DIRECTIONS FOR THIS TASK
All lines below starting at the one that holds "#2 puzzle box from (552, 257) to (634, 281)" and ending at the one that holds "Answer in this" should be printed exactly, ends included. Pictures should not be printed, nor anything else.

___

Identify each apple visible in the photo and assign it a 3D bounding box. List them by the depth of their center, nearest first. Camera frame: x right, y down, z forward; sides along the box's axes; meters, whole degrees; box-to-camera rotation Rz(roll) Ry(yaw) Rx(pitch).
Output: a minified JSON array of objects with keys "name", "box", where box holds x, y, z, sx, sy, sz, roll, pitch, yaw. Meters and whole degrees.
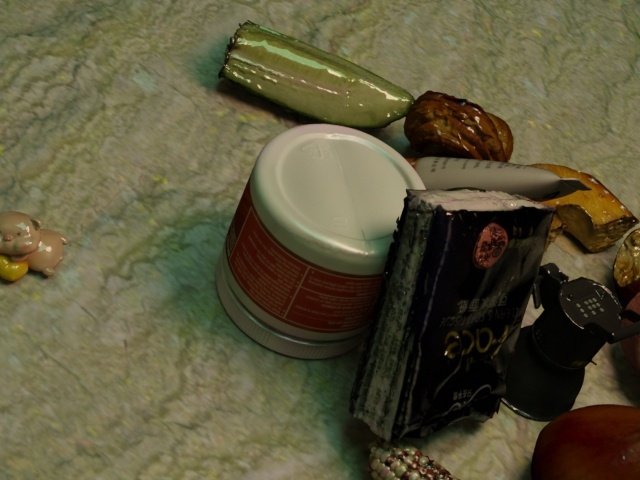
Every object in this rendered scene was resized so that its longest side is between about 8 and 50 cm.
[{"name":"apple","box":[0.552,0.057,1.971,0.156,0.147,0.158,-5,34,16]}]

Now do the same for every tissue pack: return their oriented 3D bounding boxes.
[{"name":"tissue pack","box":[0.182,0.098,1.619,0.245,0.332,0.123,-1,22,-41]}]

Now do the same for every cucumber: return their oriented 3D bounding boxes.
[{"name":"cucumber","box":[-0.006,-0.261,2.047,0.325,0.105,0.145,19,19,-7]}]

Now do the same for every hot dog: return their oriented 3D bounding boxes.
[{"name":"hot dog","box":[0.236,-0.171,2.033,0.175,0.114,0.259,22,6,18]}]

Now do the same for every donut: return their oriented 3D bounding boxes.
[{"name":"donut","box":[0.384,-0.052,2.022,0.259,0.101,0.152,-7,52,-26]}]

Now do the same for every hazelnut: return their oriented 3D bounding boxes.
[{"name":"hazelnut","box":[0.387,0.304,1.631,0.208,0.208,0.208,12,47,-13]}]

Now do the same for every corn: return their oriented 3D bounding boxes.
[{"name":"corn","box":[0.169,0.355,1.576,0.280,0.092,0.092,37,46,15]}]

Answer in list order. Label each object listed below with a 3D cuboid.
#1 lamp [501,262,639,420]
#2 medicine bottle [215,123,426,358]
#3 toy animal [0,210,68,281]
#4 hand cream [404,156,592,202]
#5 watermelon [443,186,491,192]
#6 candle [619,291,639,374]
[{"name":"lamp","box":[0.346,0.131,1.751,0.147,0.227,0.172,-13,56,-31]},{"name":"medicine bottle","box":[0.000,0.000,1.712,0.253,0.241,0.252,13,46,-14]},{"name":"toy animal","box":[-0.400,0.004,1.647,0.114,0.082,0.091,15,47,-11]},{"name":"hand cream","box":[0.259,-0.089,1.907,0.140,0.314,0.089,10,79,-65]},{"name":"watermelon","box":[0.213,0.021,1.809,0.212,0.212,0.212,12,47,-13]},{"name":"candle","box":[0.633,0.149,1.857,0.287,0.317,0.131,58,7,-17]}]
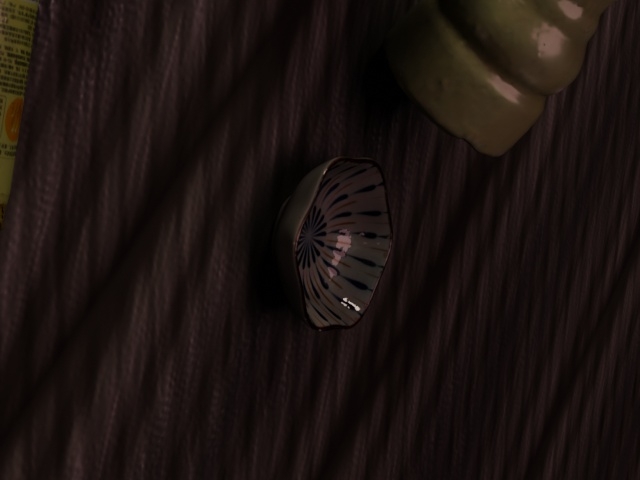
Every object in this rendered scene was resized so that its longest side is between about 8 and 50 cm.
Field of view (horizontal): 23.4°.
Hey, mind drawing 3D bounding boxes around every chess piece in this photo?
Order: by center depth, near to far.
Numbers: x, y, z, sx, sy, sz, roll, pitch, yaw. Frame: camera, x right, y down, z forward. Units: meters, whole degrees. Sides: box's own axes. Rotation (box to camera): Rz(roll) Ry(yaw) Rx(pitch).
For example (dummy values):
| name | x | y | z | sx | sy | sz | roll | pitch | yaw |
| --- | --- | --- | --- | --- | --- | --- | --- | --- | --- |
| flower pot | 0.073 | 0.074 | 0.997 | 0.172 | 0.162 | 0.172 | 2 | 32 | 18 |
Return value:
| name | x | y | z | sx | sy | sz | roll | pitch | yaw |
| --- | --- | --- | --- | --- | --- | --- | --- | --- | --- |
| chess piece | 0.266 | -0.297 | 1.574 | 0.442 | 0.234 | 0.234 | -46 | 155 | 24 |

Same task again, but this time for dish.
| name | x | y | z | sx | sy | sz | roll | pitch | yaw |
| --- | --- | --- | --- | --- | --- | --- | --- | --- | --- |
| dish | 0.000 | 0.000 | 1.570 | 0.190 | 0.066 | 0.191 | -25 | 120 | -54 |

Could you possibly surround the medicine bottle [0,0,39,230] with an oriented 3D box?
| name | x | y | z | sx | sy | sz | roll | pitch | yaw |
| --- | --- | --- | --- | --- | --- | --- | --- | --- | --- |
| medicine bottle | -0.268 | -0.112 | 1.097 | 0.124 | 0.124 | 0.239 | 4 | 97 | -56 |
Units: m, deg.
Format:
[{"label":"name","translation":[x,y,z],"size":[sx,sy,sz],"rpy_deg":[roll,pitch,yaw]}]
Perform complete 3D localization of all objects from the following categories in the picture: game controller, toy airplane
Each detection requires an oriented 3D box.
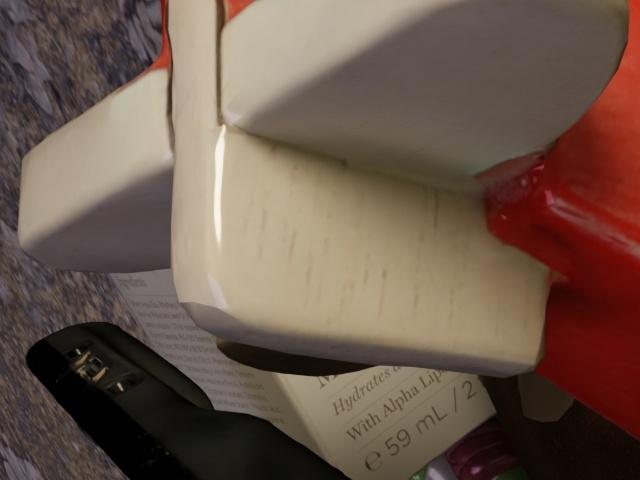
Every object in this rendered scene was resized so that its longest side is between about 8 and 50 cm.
[{"label":"game controller","translation":[-0.020,0.098,0.627],"size":[0.166,0.067,0.319],"rpy_deg":[35,173,-14]},{"label":"toy airplane","translation":[0.125,-0.031,0.468],"size":[0.386,0.272,0.384],"rpy_deg":[11,152,18]}]

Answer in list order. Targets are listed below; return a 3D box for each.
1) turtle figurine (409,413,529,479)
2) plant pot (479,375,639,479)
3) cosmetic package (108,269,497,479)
[{"label":"turtle figurine","translation":[0.068,0.192,0.916],"size":[0.198,0.274,0.266],"rpy_deg":[37,-157,-43]},{"label":"plant pot","translation":[0.140,0.056,0.713],"size":[0.165,0.167,0.167],"rpy_deg":[61,159,16]},{"label":"cosmetic package","translation":[0.000,0.000,0.839],"size":[0.184,0.151,0.151],"rpy_deg":[60,159,-12]}]
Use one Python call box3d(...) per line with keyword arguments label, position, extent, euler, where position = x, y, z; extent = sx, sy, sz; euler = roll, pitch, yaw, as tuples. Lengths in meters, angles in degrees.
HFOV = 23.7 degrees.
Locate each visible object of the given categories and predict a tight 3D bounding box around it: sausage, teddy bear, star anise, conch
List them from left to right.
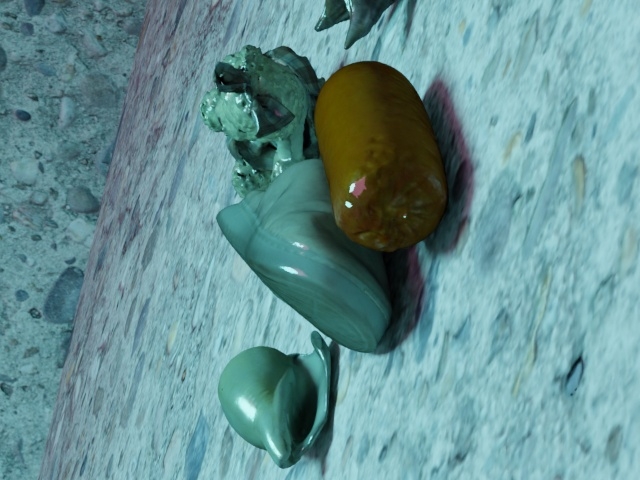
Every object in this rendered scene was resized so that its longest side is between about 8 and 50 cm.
box3d(label="teddy bear", position=(-0.038, -0.112, 1.317), extent=(0.133, 0.111, 0.213), euler=(63, 170, 5))
box3d(label="conch", position=(-0.028, 0.110, 1.101), extent=(0.065, 0.088, 0.180), euler=(66, 175, -23))
box3d(label="sausage", position=(0.038, -0.056, 0.980), extent=(0.197, 0.076, 0.076), euler=(-100, 30, -62))
box3d(label="star anise", position=(0.048, -0.231, 1.190), extent=(0.180, 0.061, 0.204), euler=(-67, 16, 2))

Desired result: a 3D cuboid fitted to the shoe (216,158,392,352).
box3d(label="shoe", position=(0.000, 0.000, 1.043), extent=(0.100, 0.103, 0.251), euler=(-48, 21, -6))
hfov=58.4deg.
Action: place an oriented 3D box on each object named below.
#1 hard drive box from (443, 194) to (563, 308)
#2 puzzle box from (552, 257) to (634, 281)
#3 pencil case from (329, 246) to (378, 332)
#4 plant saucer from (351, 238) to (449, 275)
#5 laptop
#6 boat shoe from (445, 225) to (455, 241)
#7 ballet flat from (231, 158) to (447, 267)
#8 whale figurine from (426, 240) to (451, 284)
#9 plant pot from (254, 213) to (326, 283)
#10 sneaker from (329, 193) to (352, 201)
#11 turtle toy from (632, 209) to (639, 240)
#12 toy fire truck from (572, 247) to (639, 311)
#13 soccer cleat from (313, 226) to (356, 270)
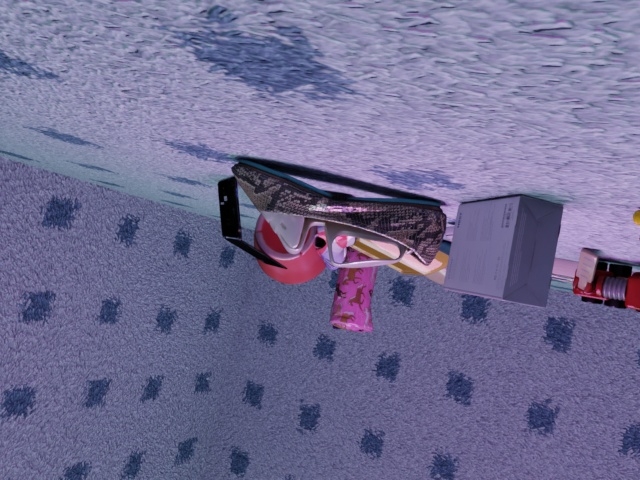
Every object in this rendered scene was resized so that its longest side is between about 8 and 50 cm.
[{"bbox_3d":[0.330,0.020,1.068,0.089,0.181,0.232,12,178,-13],"label":"hard drive box"},{"bbox_3d":[0.790,0.099,1.884,0.408,0.052,0.272,11,176,24],"label":"puzzle box"},{"bbox_3d":[0.132,0.125,2.012,0.159,0.387,0.167,12,167,-17],"label":"pencil case"},{"bbox_3d":[0.211,0.022,1.796,0.332,0.081,0.333,28,174,-6],"label":"plant saucer"},{"bbox_3d":[-0.201,-0.048,1.657,0.136,0.265,0.234,-6,-176,-21],"label":"laptop"},{"bbox_3d":[0.451,0.022,1.479,0.267,0.088,0.096,12,177,10],"label":"boat shoe"},{"bbox_3d":[0.028,-0.038,1.228,0.481,0.182,0.164,13,178,-2],"label":"ballet flat"},{"bbox_3d":[0.416,0.046,2.011,0.272,0.141,0.216,43,161,-30],"label":"whale figurine"},{"bbox_3d":[-0.099,-0.007,1.880,0.274,0.275,0.243,12,167,6],"label":"plant pot"},{"bbox_3d":[0.022,-0.091,1.451,0.161,0.057,0.075,8,170,28],"label":"sneaker"},{"bbox_3d":[0.532,-0.005,0.848,0.130,0.066,0.095,14,177,-22],"label":"turtle toy"},{"bbox_3d":[0.756,0.104,1.477,0.216,0.159,0.246,10,-173,40],"label":"toy fire truck"},{"bbox_3d":[0.028,0.013,1.751,0.116,0.109,0.318,-6,161,-10],"label":"soccer cleat"}]
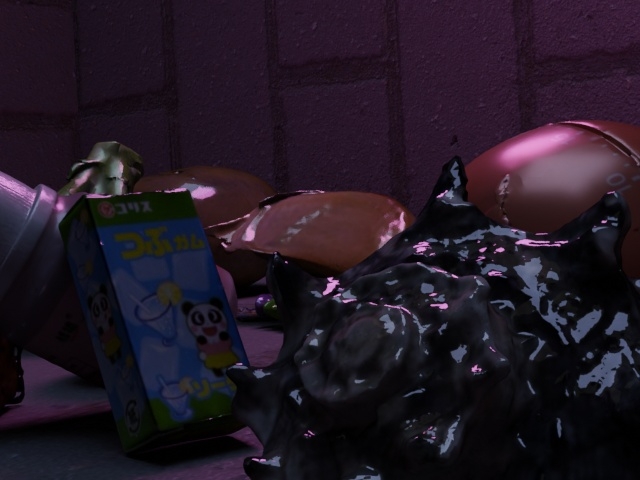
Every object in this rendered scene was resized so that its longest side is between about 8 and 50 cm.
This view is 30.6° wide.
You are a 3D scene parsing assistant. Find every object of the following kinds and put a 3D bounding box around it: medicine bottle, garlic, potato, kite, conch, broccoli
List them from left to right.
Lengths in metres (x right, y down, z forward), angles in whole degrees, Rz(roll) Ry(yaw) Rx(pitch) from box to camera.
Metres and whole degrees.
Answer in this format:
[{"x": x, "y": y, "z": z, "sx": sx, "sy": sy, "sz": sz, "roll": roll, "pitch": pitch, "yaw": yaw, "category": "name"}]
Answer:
[{"x": -0.201, "y": 0.037, "z": 0.984, "sx": 0.247, "sy": 0.147, "sz": 0.147, "roll": 30, "pitch": -9, "yaw": -20, "category": "medicine bottle"}, {"x": -0.285, "y": 0.001, "z": 1.527, "sx": 0.254, "sy": 0.269, "sz": 0.269, "roll": 10, "pitch": 2, "yaw": -6, "category": "broccoli"}, {"x": -0.194, "y": -0.017, "z": 1.978, "sx": 0.326, "sy": 0.221, "sz": 0.243, "roll": 1, "pitch": -1, "yaw": -29, "category": "potato"}, {"x": -0.064, "y": 0.101, "z": 1.664, "sx": 0.182, "sy": 0.010, "sz": 0.160, "roll": -1, "pitch": 4, "yaw": 33, "category": "kite"}, {"x": -0.001, "y": -0.004, "z": 1.572, "sx": 0.338, "sy": 0.151, "sz": 0.196, "roll": 19, "pitch": 15, "yaw": 31, "category": "garlic"}, {"x": 0.085, "y": 0.081, "z": 0.629, "sx": 0.313, "sy": 0.186, "sz": 0.241, "roll": 18, "pitch": 39, "yaw": 21, "category": "conch"}]

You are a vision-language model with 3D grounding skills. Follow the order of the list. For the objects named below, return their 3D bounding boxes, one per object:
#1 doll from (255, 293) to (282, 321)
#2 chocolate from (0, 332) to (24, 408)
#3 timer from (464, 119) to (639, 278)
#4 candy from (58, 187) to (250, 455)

___

RESPONSE TO THIS EXERCISE
#2 puzzle box from (552, 257) to (634, 281)
#3 pencil case from (329, 246) to (378, 332)
#4 plant saucer from (351, 238) to (449, 275)
#5 laptop
#6 boat shoe from (445, 225) to (455, 241)
#7 ballet flat from (231, 158) to (447, 267)
#8 whale figurine from (426, 240) to (451, 284)
#9 plant pot from (254, 213) to (326, 283)
#10 sneaker from (329, 193) to (352, 201)
#11 turtle toy from (632, 209) to (639, 240)
#12 toy fire truck from (572, 247) to (639, 311)
#13 soccer cleat from (313, 226) to (356, 270)
Every object in this rendered scene was resized so that its longest side is between about 8 and 50 cm.
[{"bbox_3d":[0.330,0.020,1.068,0.089,0.181,0.232,12,178,-13],"label":"hard drive box"},{"bbox_3d":[0.790,0.099,1.884,0.408,0.052,0.272,11,176,24],"label":"puzzle box"},{"bbox_3d":[0.132,0.125,2.012,0.159,0.387,0.167,12,167,-17],"label":"pencil case"},{"bbox_3d":[0.211,0.022,1.796,0.332,0.081,0.333,28,174,-6],"label":"plant saucer"},{"bbox_3d":[-0.201,-0.048,1.657,0.136,0.265,0.234,-6,-176,-21],"label":"laptop"},{"bbox_3d":[0.451,0.022,1.479,0.267,0.088,0.096,12,177,10],"label":"boat shoe"},{"bbox_3d":[0.028,-0.038,1.228,0.481,0.182,0.164,13,178,-2],"label":"ballet flat"},{"bbox_3d":[0.416,0.046,2.011,0.272,0.141,0.216,43,161,-30],"label":"whale figurine"},{"bbox_3d":[-0.099,-0.007,1.880,0.274,0.275,0.243,12,167,6],"label":"plant pot"},{"bbox_3d":[0.022,-0.091,1.451,0.161,0.057,0.075,8,170,28],"label":"sneaker"},{"bbox_3d":[0.532,-0.005,0.848,0.130,0.066,0.095,14,177,-22],"label":"turtle toy"},{"bbox_3d":[0.756,0.104,1.477,0.216,0.159,0.246,10,-173,40],"label":"toy fire truck"},{"bbox_3d":[0.028,0.013,1.751,0.116,0.109,0.318,-6,161,-10],"label":"soccer cleat"}]
Every object in this rendered scene was resized so that its longest side is between about 8 and 50 cm.
This view is 30.6° wide.
You are a 3D scene parsing assistant. Find every object of the following kinds and put a 3D bounding box around it: medicine bottle, garlic, potato, kite, conch, broccoli
List them from left to right.
Lengths in metres (x right, y down, z forward), angles in whole degrees, Rz(roll) Ry(yaw) Rx(pitch) from box to camera.
Metres and whole degrees.
Answer in this format:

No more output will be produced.